[Collected data entries]
────────────────────────────────────────

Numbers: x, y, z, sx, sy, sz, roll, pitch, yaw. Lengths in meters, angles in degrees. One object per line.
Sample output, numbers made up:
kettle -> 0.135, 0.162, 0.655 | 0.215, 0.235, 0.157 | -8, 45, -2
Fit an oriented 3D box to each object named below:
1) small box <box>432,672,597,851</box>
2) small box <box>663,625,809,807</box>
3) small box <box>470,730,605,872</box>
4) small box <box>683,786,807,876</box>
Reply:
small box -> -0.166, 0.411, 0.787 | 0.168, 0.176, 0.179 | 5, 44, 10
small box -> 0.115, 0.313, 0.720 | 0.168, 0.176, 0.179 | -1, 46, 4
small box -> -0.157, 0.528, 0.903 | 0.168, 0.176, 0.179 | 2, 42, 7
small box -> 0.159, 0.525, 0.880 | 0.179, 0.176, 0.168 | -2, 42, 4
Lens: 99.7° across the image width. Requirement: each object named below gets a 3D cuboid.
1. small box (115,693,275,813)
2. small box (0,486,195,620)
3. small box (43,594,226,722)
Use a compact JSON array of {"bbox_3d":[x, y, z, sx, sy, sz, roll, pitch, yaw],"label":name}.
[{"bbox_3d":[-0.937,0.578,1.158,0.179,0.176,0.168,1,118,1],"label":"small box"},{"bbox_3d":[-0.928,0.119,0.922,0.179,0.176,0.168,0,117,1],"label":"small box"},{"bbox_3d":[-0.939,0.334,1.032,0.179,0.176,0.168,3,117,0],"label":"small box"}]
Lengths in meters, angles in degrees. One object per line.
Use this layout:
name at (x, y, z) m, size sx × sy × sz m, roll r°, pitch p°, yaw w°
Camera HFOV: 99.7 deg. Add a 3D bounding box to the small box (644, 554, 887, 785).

────────────────────────────────────────

INSTRUCTIONS TO FOLLOW: Every record should be printed again exactly as it reads.

EXERCISE RESULT:
Numbers: x, y, z, sx, sy, sz, roll, pitch, yaw. Lengths in meters, angles in degrees. One object per line.
Sample output, numbers made up:
kettle -> 0.135, 0.162, 0.655 | 0.215, 0.235, 0.157 | -8, 45, -2
Fit an oriented 3D box to each object named below:
1) small box <box>432,672,597,851</box>
2) small box <box>663,625,809,807</box>
3) small box <box>470,730,605,872</box>
4) small box <box>683,786,807,876</box>
Reply:
small box -> -0.166, 0.411, 0.787 | 0.168, 0.176, 0.179 | 5, 44, 10
small box -> 0.115, 0.313, 0.720 | 0.168, 0.176, 0.179 | -1, 46, 4
small box -> -0.157, 0.528, 0.903 | 0.168, 0.176, 0.179 | 2, 42, 7
small box -> 0.159, 0.525, 0.880 | 0.179, 0.176, 0.168 | -2, 42, 4
Lens: 99.7° across the image width. Requirement: each object named below gets a 3D cuboid.
1. small box (115,693,275,813)
2. small box (0,486,195,620)
3. small box (43,594,226,722)
Use a compact JSON array of {"bbox_3d":[x, y, z, sx, sy, sz, roll, pitch, yaw],"label":name}.
[{"bbox_3d":[-0.937,0.578,1.158,0.179,0.176,0.168,1,118,1],"label":"small box"},{"bbox_3d":[-0.928,0.119,0.922,0.179,0.176,0.168,0,117,1],"label":"small box"},{"bbox_3d":[-0.939,0.334,1.032,0.179,0.176,0.168,3,117,0],"label":"small box"}]
Lengths in meters, angles in degrees. One object per line.
Use this layout:
name at (x, y, z) m, size sx × sy × sz m, roll r°, pitch p°, yaw w°
Camera HFOV: 99.7 deg. Add a 3D bounding box to the small box (644, 554, 887, 785).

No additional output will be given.